Linux provides a standard UIO (User I/O) framework for developing user-space-based device drivers. The UIO framework defines a small kernel-space component that performs two key tasks:
a. Indicate device memory regions to user space.
b. Register for device interrupts and provide interrupt indication to user space.
The kernel-space UIO component then exposes the device via a set of sysfs entries like
/dev/uioXX. The user-space component searches for these entries, reads the device address ranges and maps them to user space memory.
The user-space component can perform all device-management tasks including I/O from the device. For interrupts however, it needs to perform a blocking
read() on the device entry, which results in the kernel component putting the user-space application to sleep and waking it up once an interrupt is received.
User-space network drivers
The memory required by a network device driver can be of three types:
a. Configuration space: this refers to the common configuration registers of the device.
b. I/O descriptor space: this refers to the descriptors used by the device to access data from the device.
c. I/O data space: this refers to the actual I/O data accessed from the device.
Taking the case of a typical Ethernet device, the above can refer to the common device configuration (including MAC configuration), buffer-descriptor rings, and packet data buffers.

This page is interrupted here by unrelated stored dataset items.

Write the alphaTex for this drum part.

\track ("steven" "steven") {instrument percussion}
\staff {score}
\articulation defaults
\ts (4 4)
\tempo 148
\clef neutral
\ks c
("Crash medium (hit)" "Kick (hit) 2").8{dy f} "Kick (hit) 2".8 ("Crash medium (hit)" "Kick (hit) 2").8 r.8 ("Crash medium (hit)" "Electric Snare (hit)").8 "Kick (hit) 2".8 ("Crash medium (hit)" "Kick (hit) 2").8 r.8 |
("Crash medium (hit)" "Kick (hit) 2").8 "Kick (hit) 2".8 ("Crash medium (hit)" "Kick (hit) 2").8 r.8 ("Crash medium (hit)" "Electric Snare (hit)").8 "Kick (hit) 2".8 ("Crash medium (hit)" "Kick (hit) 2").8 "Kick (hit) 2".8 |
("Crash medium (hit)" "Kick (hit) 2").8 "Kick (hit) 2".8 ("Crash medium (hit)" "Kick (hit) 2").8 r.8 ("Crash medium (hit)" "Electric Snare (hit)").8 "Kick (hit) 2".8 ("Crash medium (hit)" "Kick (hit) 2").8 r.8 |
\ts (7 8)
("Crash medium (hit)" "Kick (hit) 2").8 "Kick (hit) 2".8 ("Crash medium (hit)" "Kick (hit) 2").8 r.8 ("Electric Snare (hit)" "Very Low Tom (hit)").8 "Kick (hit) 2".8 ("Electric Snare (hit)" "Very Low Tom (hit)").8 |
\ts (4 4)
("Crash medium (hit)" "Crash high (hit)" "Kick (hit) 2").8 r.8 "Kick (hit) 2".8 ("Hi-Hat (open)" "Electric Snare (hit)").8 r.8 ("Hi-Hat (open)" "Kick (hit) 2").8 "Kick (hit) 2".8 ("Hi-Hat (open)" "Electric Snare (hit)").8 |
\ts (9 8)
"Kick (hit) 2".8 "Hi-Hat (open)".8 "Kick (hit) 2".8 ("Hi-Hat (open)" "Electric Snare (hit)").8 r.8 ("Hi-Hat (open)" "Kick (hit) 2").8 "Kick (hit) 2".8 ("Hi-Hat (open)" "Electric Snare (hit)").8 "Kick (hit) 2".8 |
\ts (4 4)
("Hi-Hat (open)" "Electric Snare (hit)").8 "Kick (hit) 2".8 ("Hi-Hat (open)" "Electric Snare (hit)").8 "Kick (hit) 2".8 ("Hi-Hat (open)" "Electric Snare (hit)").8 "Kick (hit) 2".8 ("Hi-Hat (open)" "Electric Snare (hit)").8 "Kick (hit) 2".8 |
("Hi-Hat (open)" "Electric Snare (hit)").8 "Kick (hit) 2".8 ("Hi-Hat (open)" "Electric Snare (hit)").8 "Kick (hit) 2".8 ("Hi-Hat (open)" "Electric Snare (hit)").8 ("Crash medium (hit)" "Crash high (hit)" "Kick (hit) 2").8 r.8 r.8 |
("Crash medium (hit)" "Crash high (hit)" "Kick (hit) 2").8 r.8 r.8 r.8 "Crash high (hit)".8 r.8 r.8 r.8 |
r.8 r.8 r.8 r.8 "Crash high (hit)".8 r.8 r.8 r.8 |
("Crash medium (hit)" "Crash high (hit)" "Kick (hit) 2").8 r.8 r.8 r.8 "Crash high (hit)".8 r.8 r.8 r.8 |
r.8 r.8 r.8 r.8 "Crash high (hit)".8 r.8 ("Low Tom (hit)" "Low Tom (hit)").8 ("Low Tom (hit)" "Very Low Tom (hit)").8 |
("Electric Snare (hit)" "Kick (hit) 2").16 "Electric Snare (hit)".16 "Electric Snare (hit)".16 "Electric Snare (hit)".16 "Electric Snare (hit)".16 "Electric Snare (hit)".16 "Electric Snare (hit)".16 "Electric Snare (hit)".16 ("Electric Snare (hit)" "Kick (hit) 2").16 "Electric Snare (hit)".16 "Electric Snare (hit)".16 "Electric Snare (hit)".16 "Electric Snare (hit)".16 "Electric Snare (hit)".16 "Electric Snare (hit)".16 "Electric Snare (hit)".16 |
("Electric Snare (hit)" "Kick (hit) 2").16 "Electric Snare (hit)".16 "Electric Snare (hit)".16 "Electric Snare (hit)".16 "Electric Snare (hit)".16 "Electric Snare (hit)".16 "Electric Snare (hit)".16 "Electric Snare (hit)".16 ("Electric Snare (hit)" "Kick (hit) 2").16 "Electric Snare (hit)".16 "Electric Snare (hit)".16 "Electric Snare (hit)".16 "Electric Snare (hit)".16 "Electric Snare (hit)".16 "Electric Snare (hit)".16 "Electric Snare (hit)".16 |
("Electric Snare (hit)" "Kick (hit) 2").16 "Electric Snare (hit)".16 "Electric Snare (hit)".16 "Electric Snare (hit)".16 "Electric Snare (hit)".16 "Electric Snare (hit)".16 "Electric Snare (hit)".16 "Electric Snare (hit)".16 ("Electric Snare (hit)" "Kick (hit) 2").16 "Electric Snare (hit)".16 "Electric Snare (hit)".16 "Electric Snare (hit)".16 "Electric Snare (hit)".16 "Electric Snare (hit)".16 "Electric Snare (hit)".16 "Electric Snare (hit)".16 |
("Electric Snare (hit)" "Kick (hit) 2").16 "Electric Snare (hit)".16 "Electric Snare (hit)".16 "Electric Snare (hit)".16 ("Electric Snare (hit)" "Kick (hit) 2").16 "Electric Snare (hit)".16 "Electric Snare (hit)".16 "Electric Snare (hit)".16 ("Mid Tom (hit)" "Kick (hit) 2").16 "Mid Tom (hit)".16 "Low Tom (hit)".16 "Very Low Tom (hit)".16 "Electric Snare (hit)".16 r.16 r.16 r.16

In case of kernel-space network drivers, all three regions are mapped to kernel space, and any access to these from the user space is typically abstracted out via either
ioctl() calls or
write() calls, from where a copy of the data is provided to the user-space application.

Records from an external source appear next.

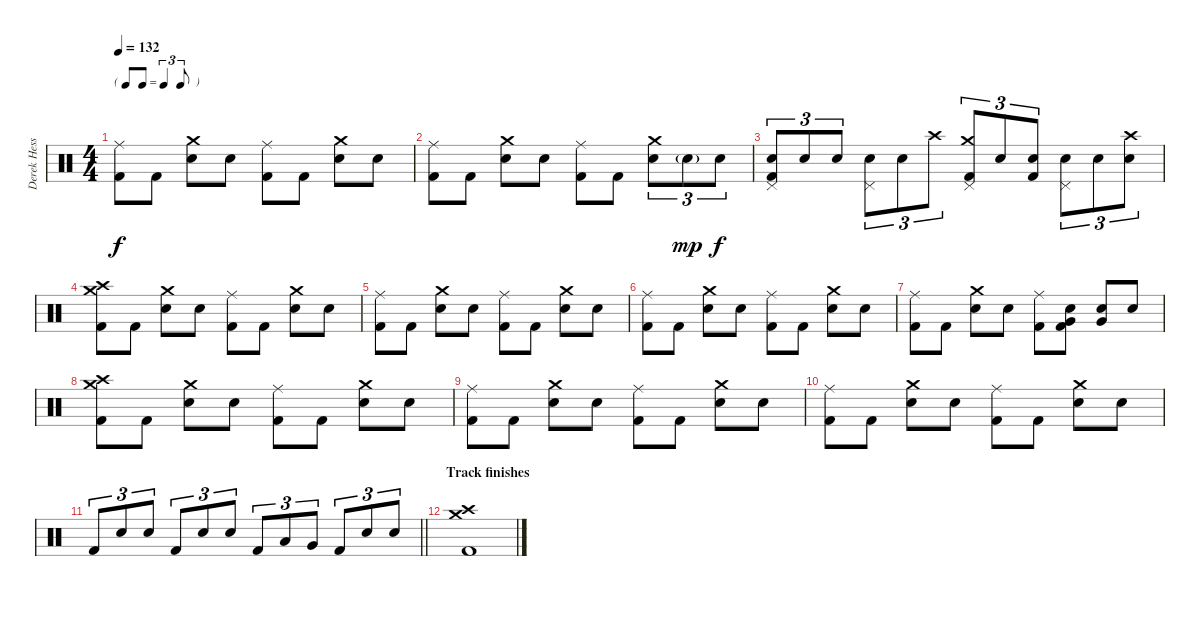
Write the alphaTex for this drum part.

\track ("Derek Hess (Drums and Percussion)" "Derek Hess") {instrument percussion}
\staff {score}
\articulation defaults
\ts (4 4)
\tf triplet8th
\tempo 132
\clef neutral
\ks c
("Ride (middle)" "Kick (hit) 2").8{dy f} "Kick (hit) 2".8 ("Crash medium (hit)" "Snare (hit) 2").8 "Snare (hit) 2".8 ("Ride (middle)" "Kick (hit) 2").8 "Kick (hit) 2".8 ("Crash medium (hit)" "Snare (hit) 2").8 "Snare (hit) 2".8 |
("Ride (middle)" "Kick (hit) 2").8 "Kick (hit) 2".8 ("Crash medium (hit)" "Snare (hit) 2").8 "Snare (hit) 2".8 ("Ride (middle)" "Kick (hit) 2").8 "Kick (hit) 2".8 ("Crash medium (hit)" "Snare (hit) 2").8{tu (3 2)} "Snare (hit) 2"{g}.8{tu (3 2) dy mp} "Snare (hit) 2".8{tu (3 2) dy f} |
("Snare (hit) 2" "Pedal Hi-Hat (hit)" "Kick (hit) 2").8{tu (3 2)} "Snare (hit) 2".8{tu (3 2)} "Snare (hit) 2".8{tu (3 2)} ("Snare (hit) 2" "Pedal Hi-Hat (hit)").8{tu (3 2)} "Snare (hit) 2".8{tu (3 2)} "Crash high (hit)".8{tu (3 2)} ("Crash medium (hit)" "Pedal Hi-Hat (hit)" "Kick (hit) 2").8{tu (3 2)} "Snare (hit) 2".8{tu (3 2)} ("Snare (hit) 2" "Kick (hit) 2").8{tu (3 2)} ("Snare (hit) 2" "Pedal Hi-Hat (hit)").8{tu (3 2)} "Snare (hit) 2".8{tu (3 2)} ("Crash high (hit)" "Snare (hit) 2").8{tu (3 2)} |
("Crash medium (hit)" "Crash high (hit)" "Kick (hit) 2").8 "Kick (hit) 2".8 ("Crash medium (hit)" "Snare (hit) 2").8 "Snare (hit) 2".8 ("Ride (middle)" "Kick (hit) 2").8 "Kick (hit) 2".8 ("Crash medium (hit)" "Snare (hit) 2").8 "Snare (hit) 2".8 |
("Ride (middle)" "Kick (hit) 2").8 "Kick (hit) 2".8 ("Crash medium (hit)" "Snare (hit) 2").8 "Snare (hit) 2".8 ("Ride (middle)" "Kick (hit) 2").8 "Kick (hit) 2".8 ("Crash medium (hit)" "Snare (hit) 2").8 "Snare (hit) 2".8 |
("Ride (middle)" "Kick (hit) 2").8 "Kick (hit) 2".8 ("Crash medium (hit)" "Snare (hit) 2").8 "Snare (hit) 2".8 ("Ride (middle)" "Kick (hit) 2").8 "Kick (hit) 2".8 ("Crash medium (hit)" "Snare (hit) 2").8 "Snare (hit) 2".8 |
("Ride (middle)" "Kick (hit) 2").8 "Kick (hit) 2".8 ("Crash medium (hit)" "Snare (hit) 2").8 "Snare (hit) 2".8 ("Ride (middle)" "Kick (hit) 2").8 ("Snare (hit) 2" "Very Low Tom (hit)" "Kick (hit) 2").8 ("Snare (hit) 2" "Very Low Tom (hit)").8 "Snare (hit) 2".8 |
("Crash medium (hit)" "Crash high (hit)" "Kick (hit) 2").8 "Kick (hit) 2".8 ("Crash medium (hit)" "Snare (hit) 2").8 "Snare (hit) 2".8 ("Ride (middle)" "Kick (hit) 2").8 "Kick (hit) 2".8 ("Crash medium (hit)" "Snare (hit) 2").8 "Snare (hit) 2".8 |
("Ride (middle)" "Kick (hit) 2").8 "Kick (hit) 2".8 ("Crash medium (hit)" "Snare (hit) 2").8 "Snare (hit) 2".8 ("Ride (middle)" "Kick (hit) 2").8 "Kick (hit) 2".8 ("Crash medium (hit)" "Snare (hit) 2").8 "Snare (hit) 2".8 |
("Ride (middle)" "Kick (hit) 2").8 "Kick (hit) 2".8 ("Crash medium (hit)" "Snare (hit) 2").8 "Snare (hit) 2".8 ("Ride (middle)" "Kick (hit) 2").8 "Kick (hit) 2".8 ("Crash medium (hit)" "Snare (hit) 2").8 "Snare (hit) 2".8 |
\barLineRight lightlight "Kick (hit) 2".8{tu (3 2)} "Snare (hit) 2".8{tu (3 2)} "Snare (hit) 2".8{tu (3 2)} "Kick (hit) 2".8{tu (3 2)} "Snare (hit) 2".8{tu (3 2)} "Snare (hit) 2".8{tu (3 2)} "Kick (hit) 2".8{tu (3 2)} "Low Tom (hit)".8{tu (3 2)} "Very Low Tom (hit)".8{tu (3 2)} "Kick (hit) 2".8{tu (3 2)} "Snare (hit) 2".8{tu (3 2)} "Snare (hit) 2".8{tu (3 2)}
|
\section ("" "Track finishes")
("Crash medium (hit)" "Crash high (hit)" "Kick (hit) 2").1

Click on image to enlarge.
Click on image to enlarge.
User-space network drivers, on the other hand, map all three regions directly to user-space memory. This allows the user-space application to directly drive the buffer descriptor rings from user space. Data buffers can be managed and accessed directly by the application without overhead of a copy.
Taking the specific example of an implementation of a user-space network driver for eTSEC Ethernet controller on a Freescale QorIQ P1020 platform, the configuration space is a single region of 4k size, which is page-boundary aligned. This contains all the device-specific registers including controller settings, MAC settings, and interrupts. Besides this, the MDIO region also needs to be mapped to allow configuration of the Ethernet Phy devices. The eTSEC provides for up to eight different individual buffer descriptor rings, each of which are mapped onto a separate memory region, to allow for simultaneous access by multiple applications. The data buffers referenced by the descriptor rings are allocated from a single contagious memory block, which is allocated and mapped to user space during initialization time.